Start of Records provided

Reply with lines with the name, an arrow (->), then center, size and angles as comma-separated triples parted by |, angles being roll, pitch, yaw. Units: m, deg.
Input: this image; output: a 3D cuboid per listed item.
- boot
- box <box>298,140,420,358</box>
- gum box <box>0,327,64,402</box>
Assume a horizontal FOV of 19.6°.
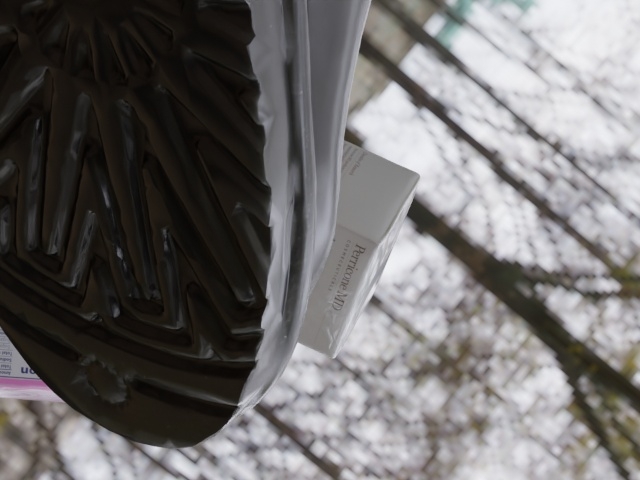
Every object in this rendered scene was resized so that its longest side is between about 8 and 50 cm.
boot -> 0.011, -0.122, 0.619 | 0.260, 0.131, 0.348 | -29, 133, -48
box -> 0.000, 0.000, 1.210 | 0.102, 0.087, 0.101 | -58, 171, -56
gum box -> -0.163, 0.041, 0.877 | 0.107, 0.188, 0.062 | 153, -58, -74

End of Records provided

> [Problem requirements]: With the pictures omitted, print precisely the lines from the one with "- box <box>298,140,420,358</box>" to the final line of the records, both included.

> [The answer]:
- box <box>298,140,420,358</box>
- gum box <box>0,327,64,402</box>
Assume a horizontal FOV of 19.6°.
Every object in this rendered scene was resized so that its longest side is between about 8 and 50 cm.
boot -> 0.011, -0.122, 0.619 | 0.260, 0.131, 0.348 | -29, 133, -48
box -> 0.000, 0.000, 1.210 | 0.102, 0.087, 0.101 | -58, 171, -56
gum box -> -0.163, 0.041, 0.877 | 0.107, 0.188, 0.062 | 153, -58, -74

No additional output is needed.